→ ACTIVITY: Scan the records for the string "cuboid". State how many lines contain it and add nothing.

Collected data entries
......

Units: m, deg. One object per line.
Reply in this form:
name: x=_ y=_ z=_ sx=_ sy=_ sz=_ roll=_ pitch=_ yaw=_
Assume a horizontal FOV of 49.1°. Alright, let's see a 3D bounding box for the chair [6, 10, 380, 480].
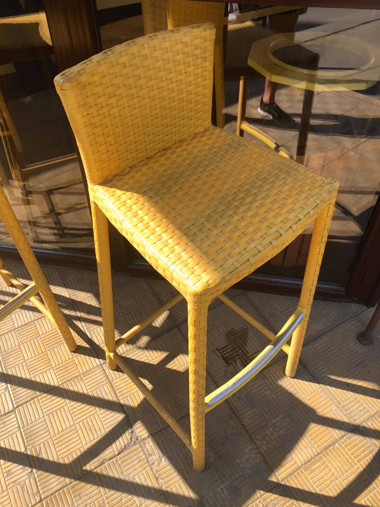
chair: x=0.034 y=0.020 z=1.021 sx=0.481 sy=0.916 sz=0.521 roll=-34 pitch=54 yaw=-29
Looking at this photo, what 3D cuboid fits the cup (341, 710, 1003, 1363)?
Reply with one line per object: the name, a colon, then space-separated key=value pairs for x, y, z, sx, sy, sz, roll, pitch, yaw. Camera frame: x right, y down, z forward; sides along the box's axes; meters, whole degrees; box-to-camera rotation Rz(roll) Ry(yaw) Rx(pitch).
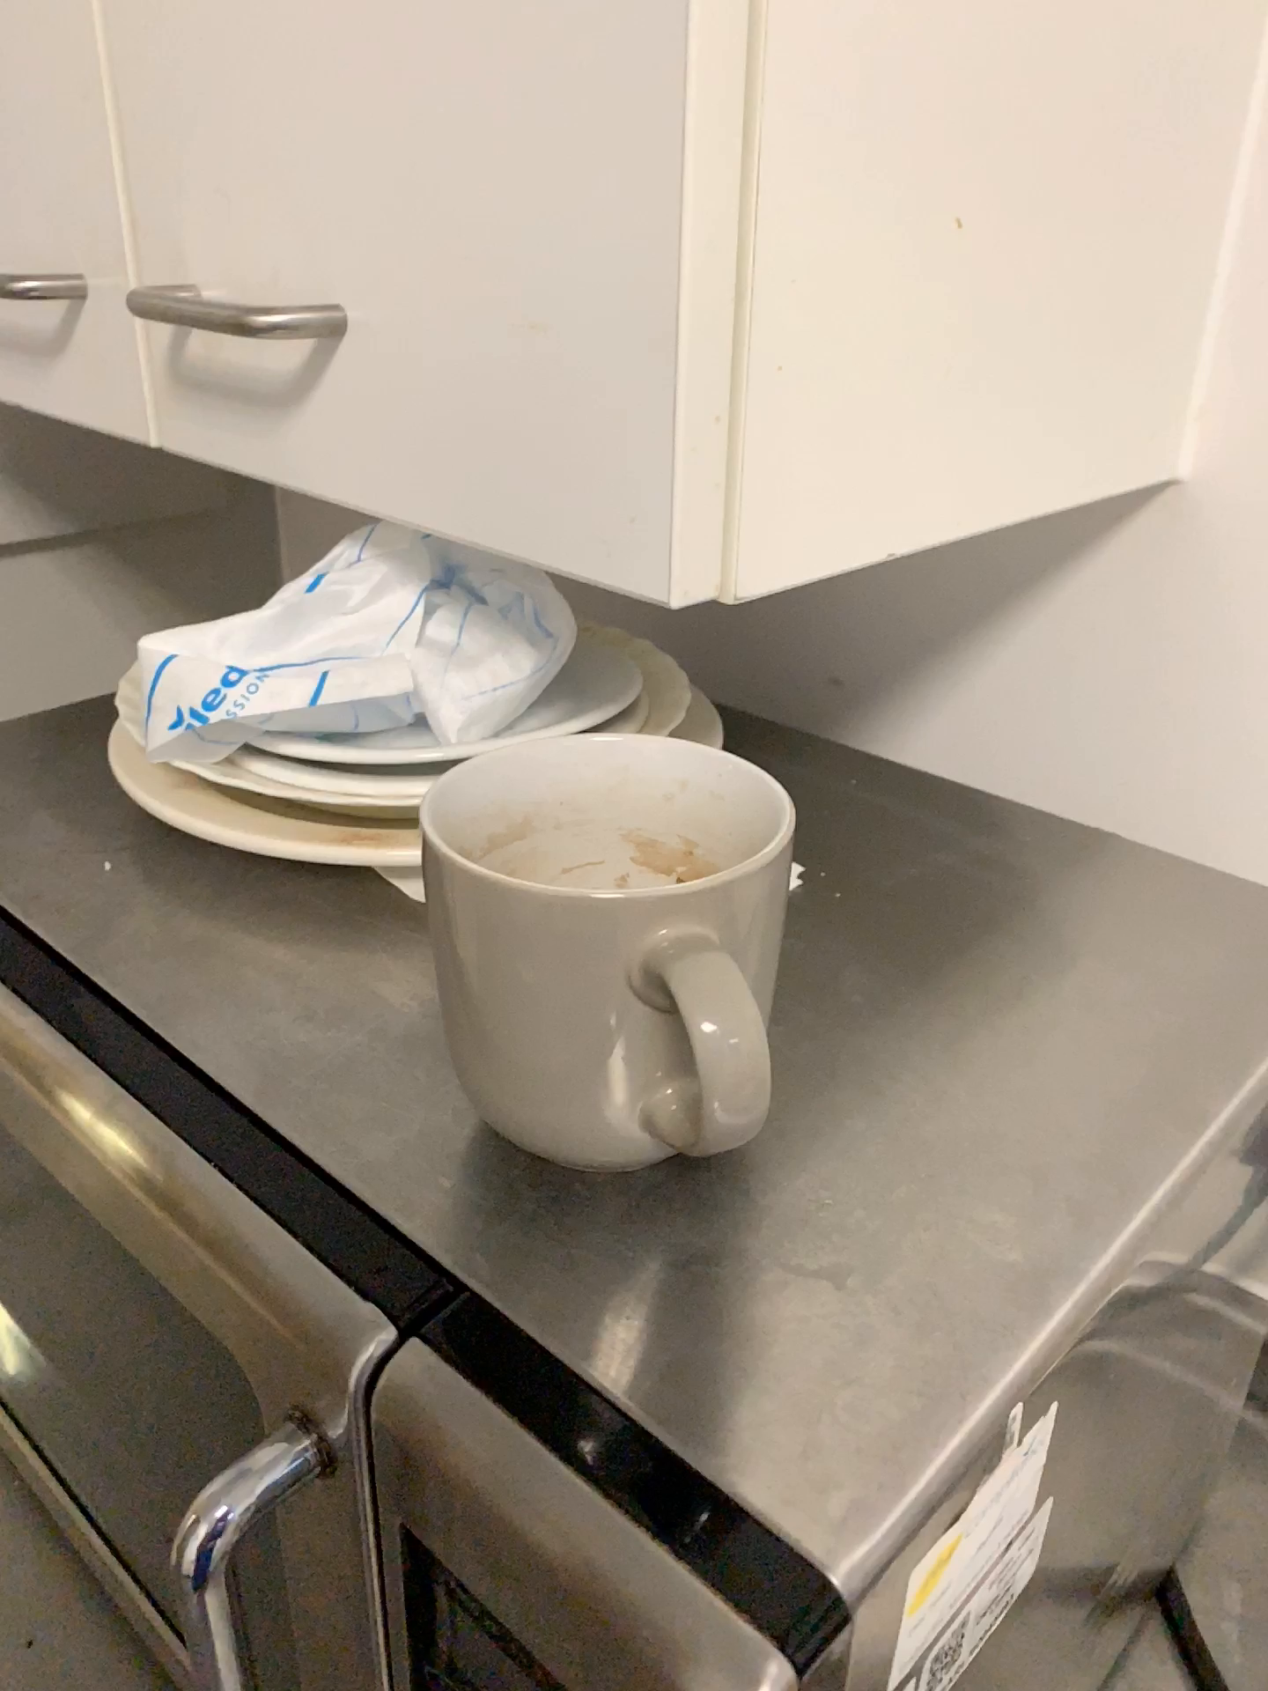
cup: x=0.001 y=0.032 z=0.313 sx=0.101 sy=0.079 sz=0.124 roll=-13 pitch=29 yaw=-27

......

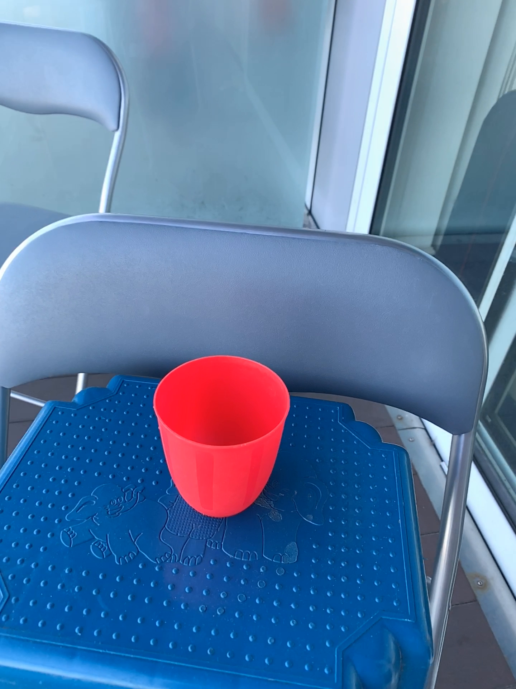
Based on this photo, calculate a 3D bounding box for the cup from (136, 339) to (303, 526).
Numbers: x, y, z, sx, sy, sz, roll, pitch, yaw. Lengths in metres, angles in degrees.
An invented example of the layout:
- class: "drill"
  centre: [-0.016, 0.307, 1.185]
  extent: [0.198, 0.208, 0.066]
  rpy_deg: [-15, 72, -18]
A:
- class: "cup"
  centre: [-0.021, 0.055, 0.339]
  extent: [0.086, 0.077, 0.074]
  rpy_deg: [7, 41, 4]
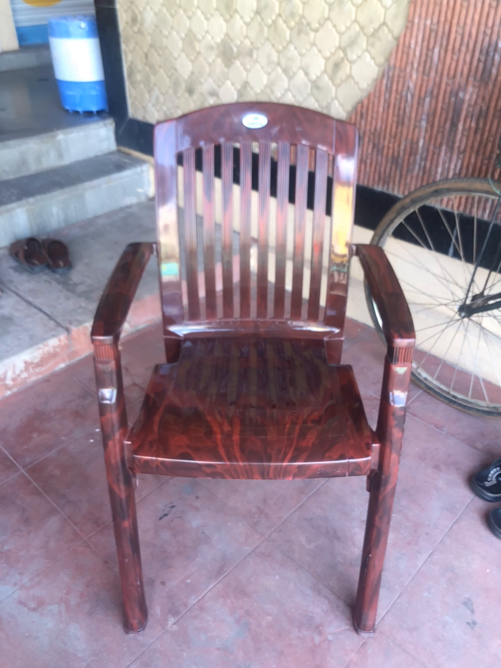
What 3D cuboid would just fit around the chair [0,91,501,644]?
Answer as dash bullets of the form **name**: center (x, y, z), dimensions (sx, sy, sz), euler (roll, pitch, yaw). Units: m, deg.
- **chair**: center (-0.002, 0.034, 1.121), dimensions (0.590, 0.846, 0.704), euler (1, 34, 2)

......

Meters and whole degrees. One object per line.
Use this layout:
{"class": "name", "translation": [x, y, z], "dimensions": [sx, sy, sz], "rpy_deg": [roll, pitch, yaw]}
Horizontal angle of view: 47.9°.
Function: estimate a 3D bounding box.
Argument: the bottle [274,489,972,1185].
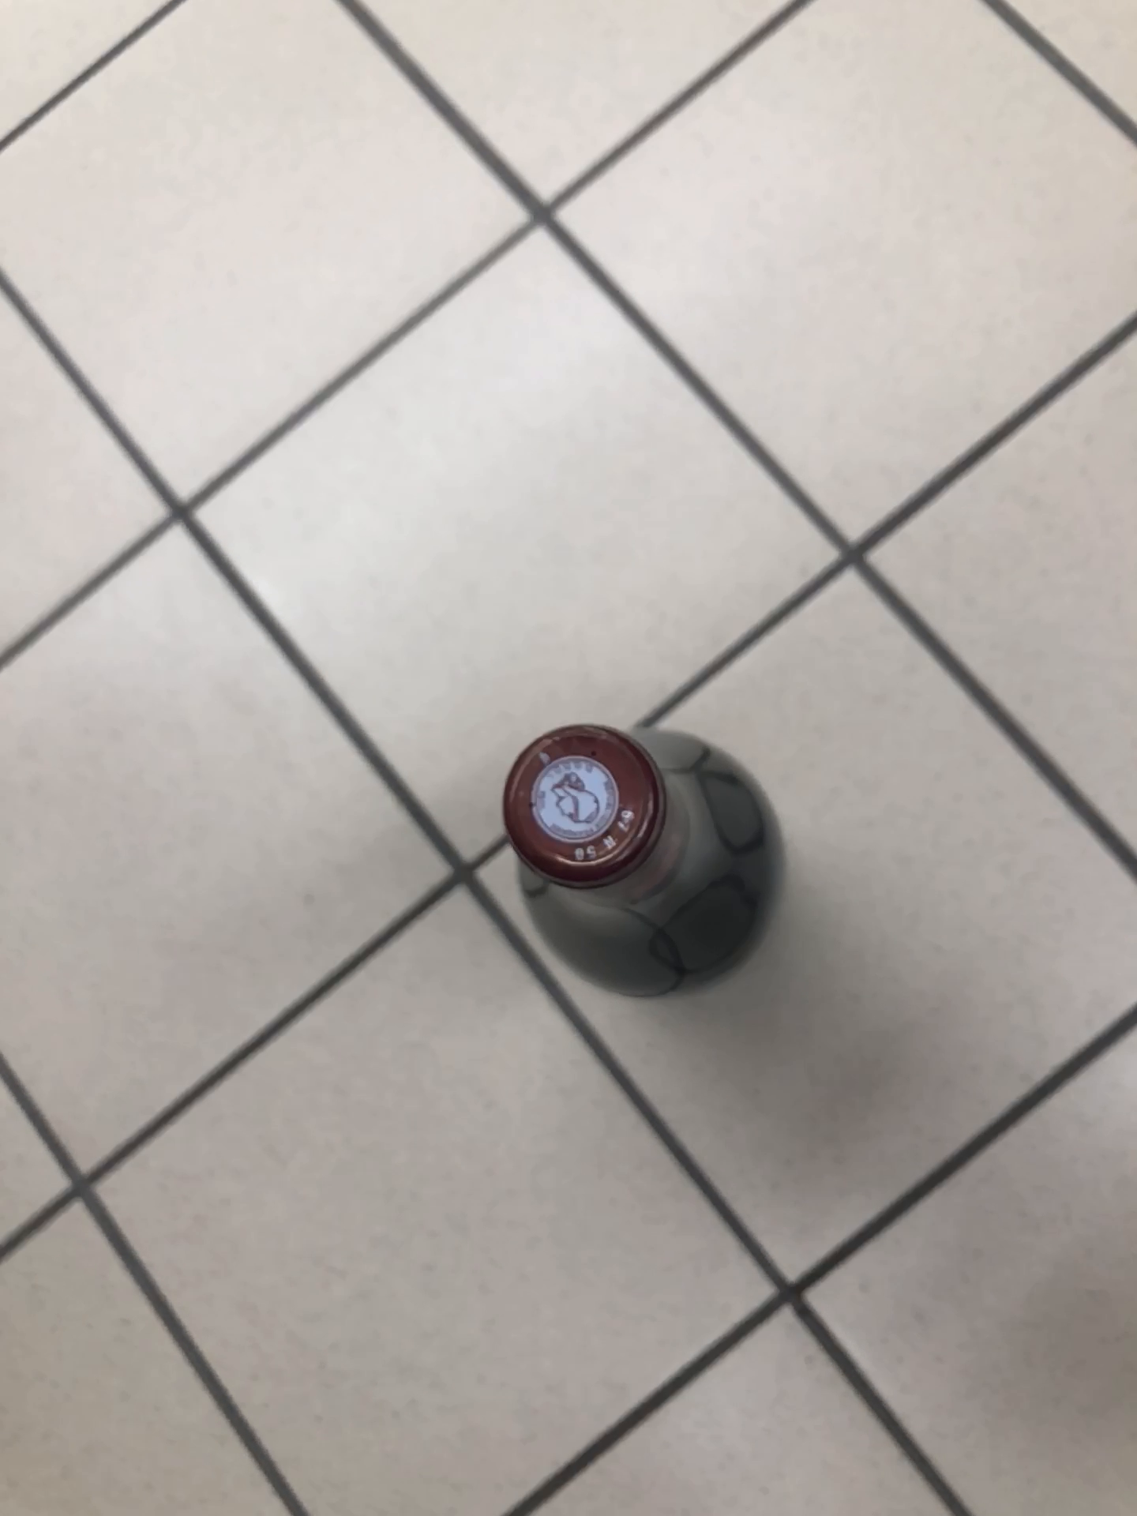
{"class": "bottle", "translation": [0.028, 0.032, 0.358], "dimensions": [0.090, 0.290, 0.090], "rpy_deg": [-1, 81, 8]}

......

→ WRITTEN SOLUTION: 2